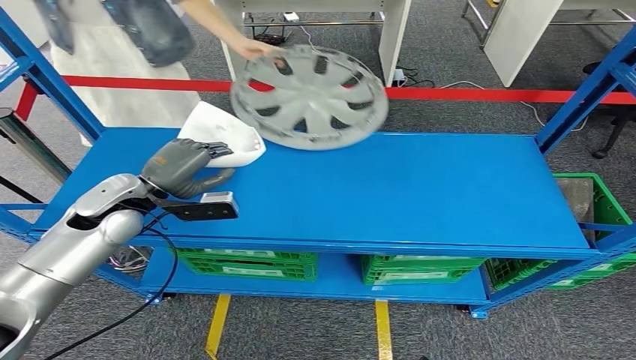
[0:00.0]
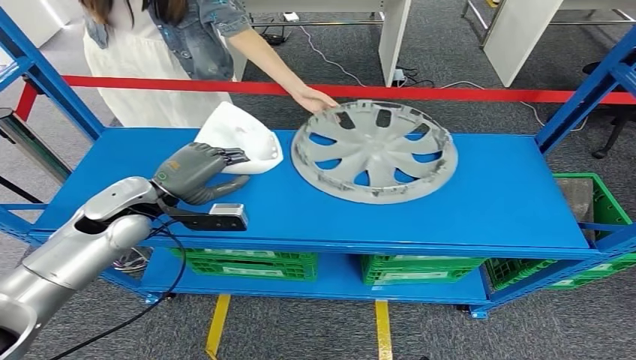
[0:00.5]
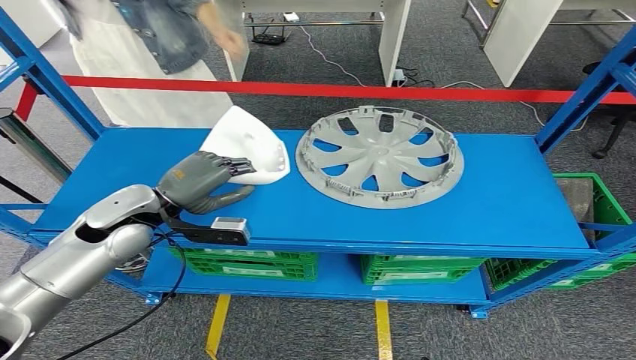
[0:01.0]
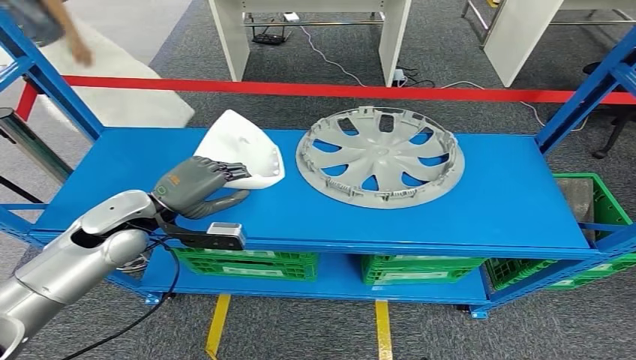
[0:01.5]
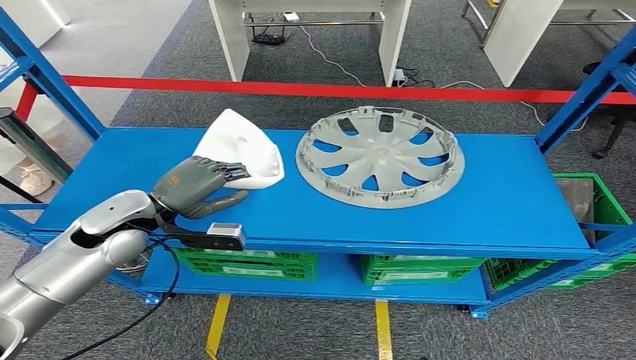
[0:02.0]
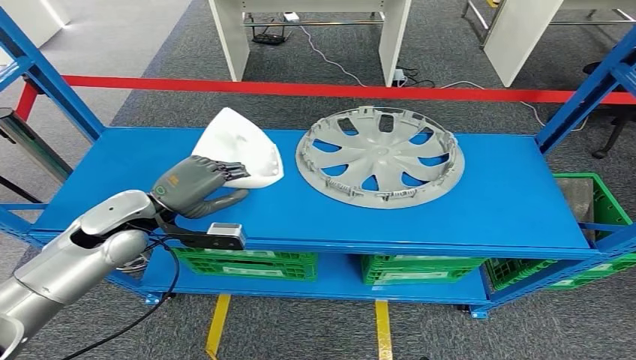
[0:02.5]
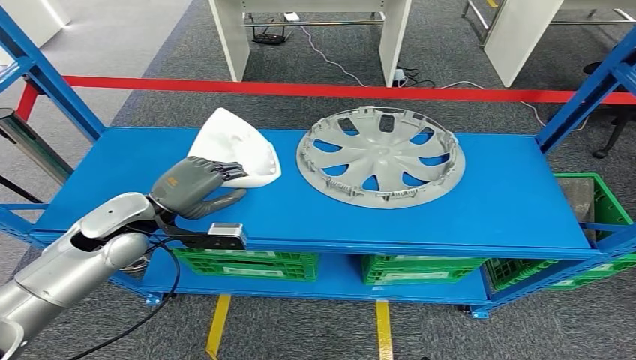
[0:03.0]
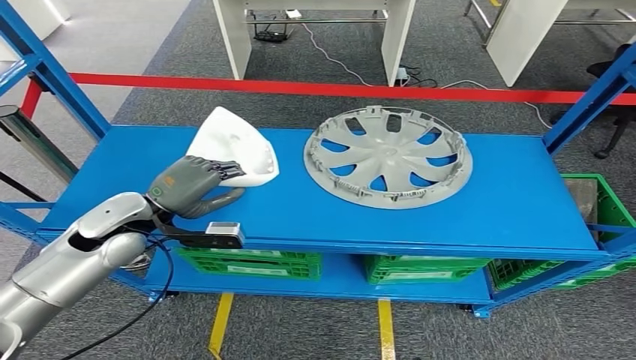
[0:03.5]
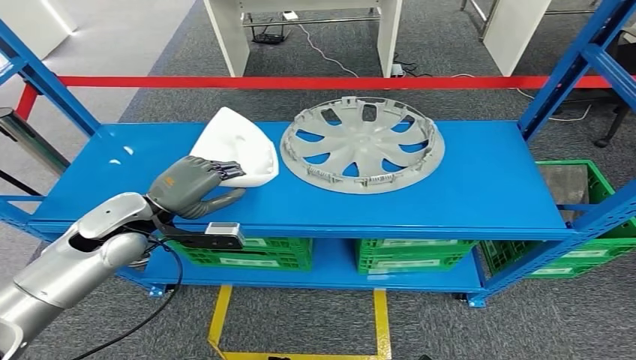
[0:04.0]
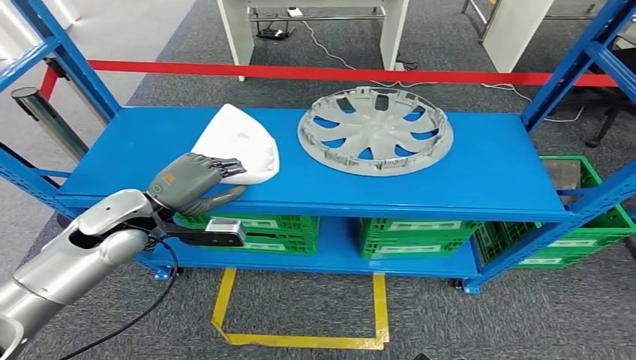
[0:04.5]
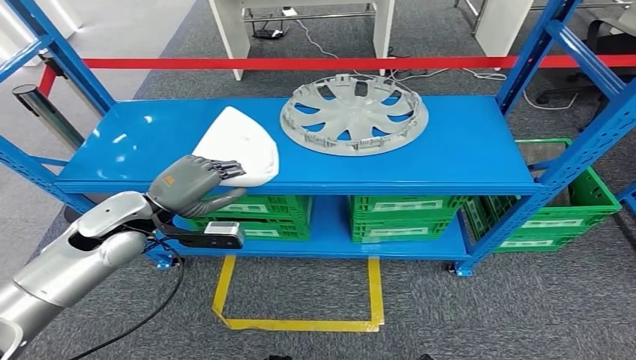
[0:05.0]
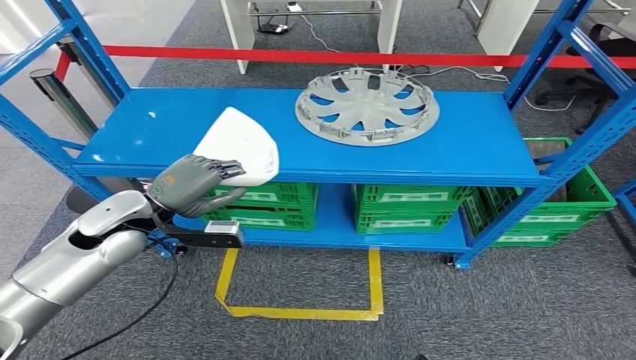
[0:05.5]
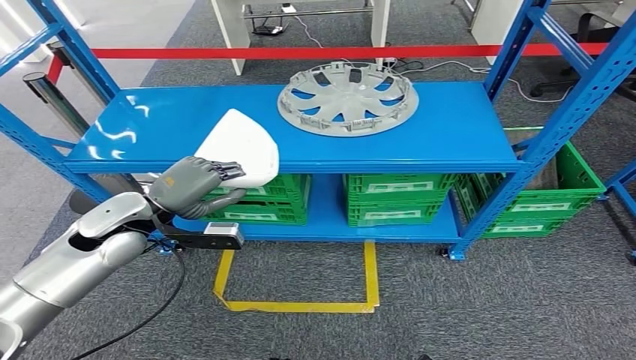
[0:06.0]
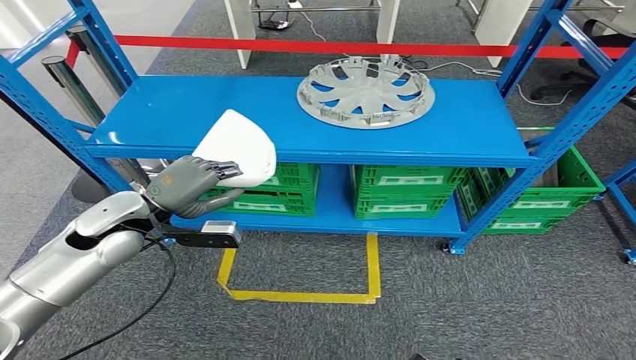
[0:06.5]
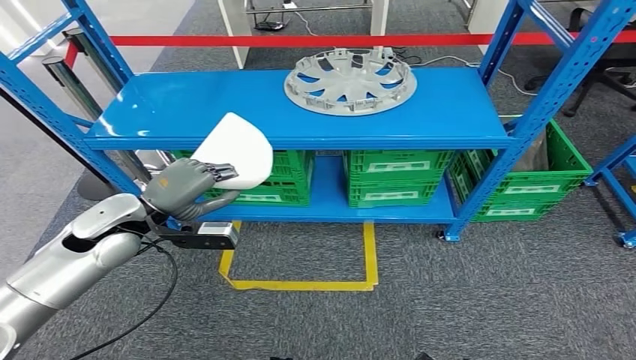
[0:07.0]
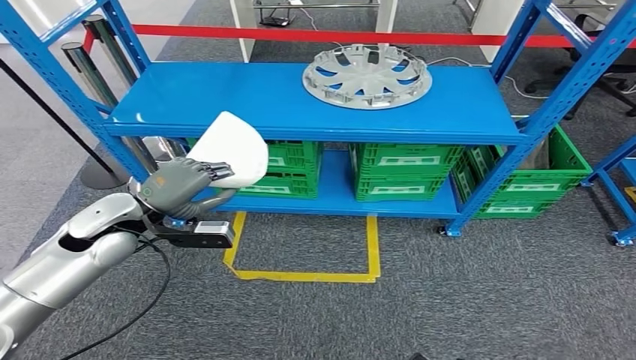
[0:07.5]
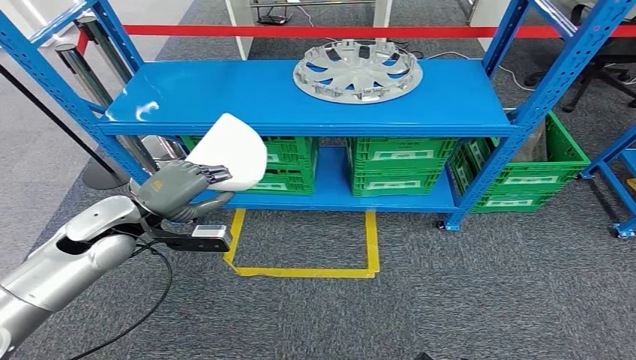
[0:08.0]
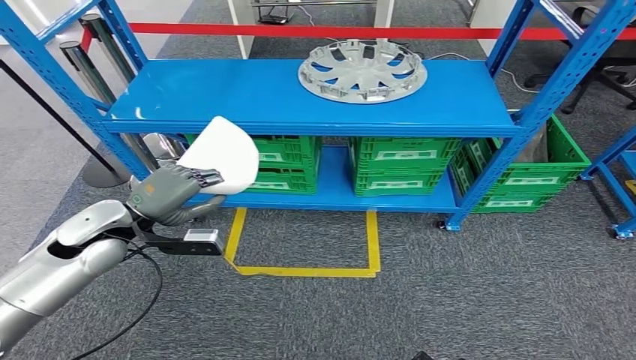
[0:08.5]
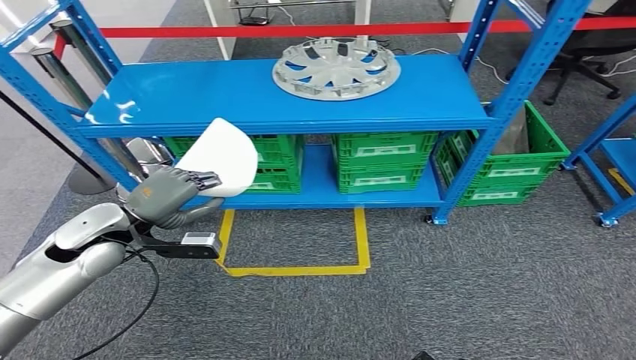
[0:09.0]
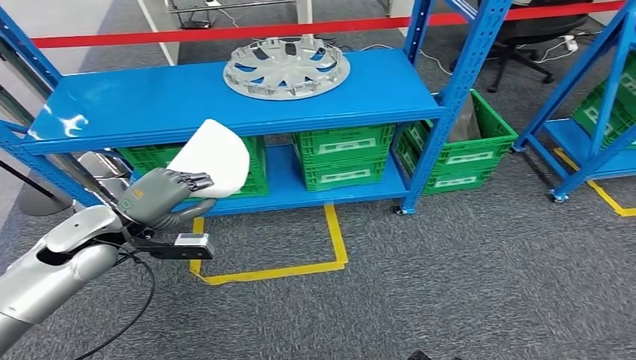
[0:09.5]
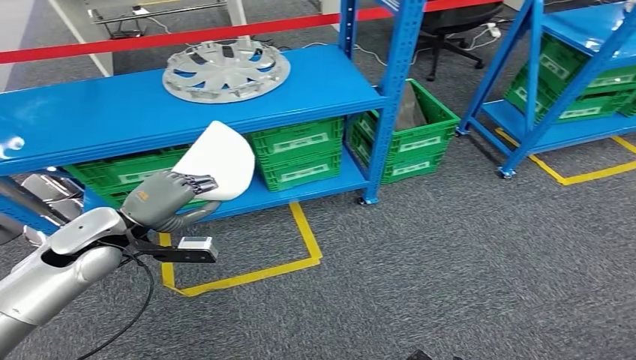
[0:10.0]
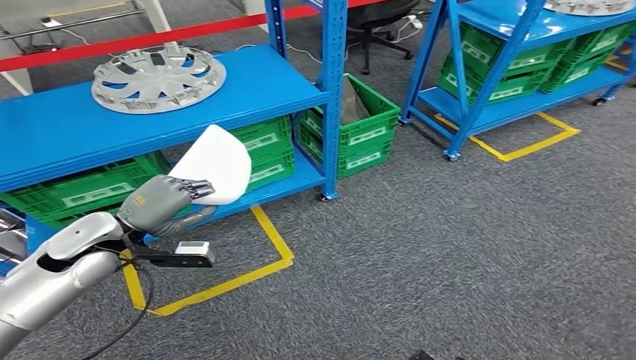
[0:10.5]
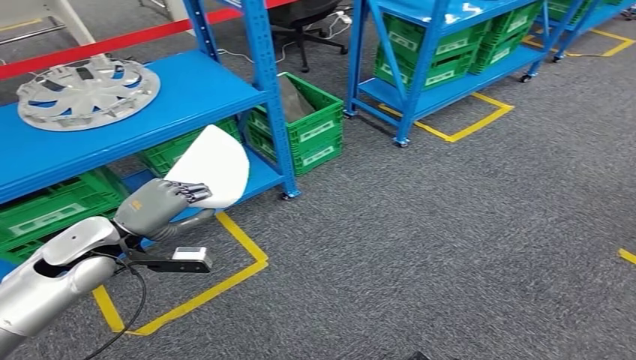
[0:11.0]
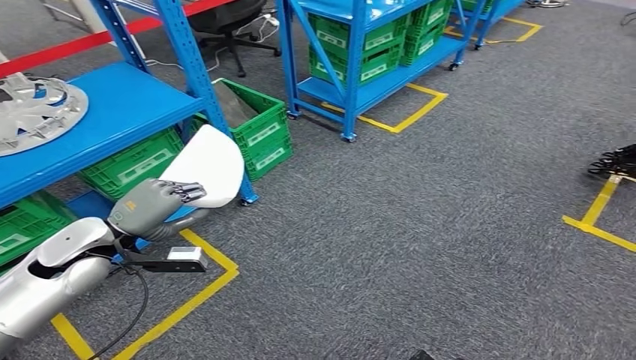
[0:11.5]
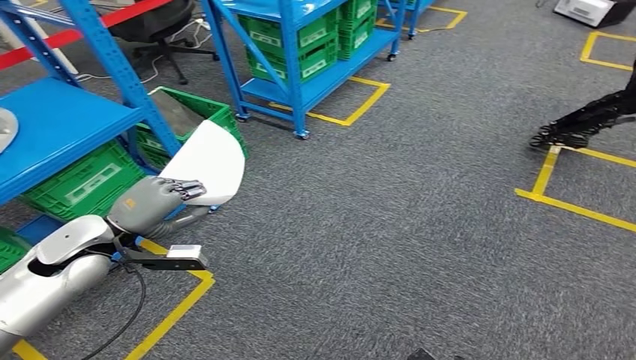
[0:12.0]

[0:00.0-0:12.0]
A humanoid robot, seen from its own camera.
Step, 0:00.0 to 0:04.5: Pick up the small component from the shelf.

*What needs to be done*: Print the listing again exactly as it appears, except for the pictures, which stay out.

*The completed task*:
[0:00.0]
[0:00.5]
[0:01.0]
[0:01.5]
[0:02.0]
[0:02.5]
[0:03.0]
[0:03.5]
[0:04.0]
[0:04.5]
[0:05.0]
[0:05.5]
[0:06.0]
[0:06.5]
[0:07.0]
[0:07.5]
[0:08.0]
[0:08.5]
[0:09.0]
[0:09.5]
[0:10.0]
[0:10.5]
[0:11.0]
[0:11.5]
[0:12.0]

[0:00.0-0:12.0]
A humanoid robot, seen from its own camera.
Step, 0:00.0 to 0:04.5: Pick up the small component from the shelf.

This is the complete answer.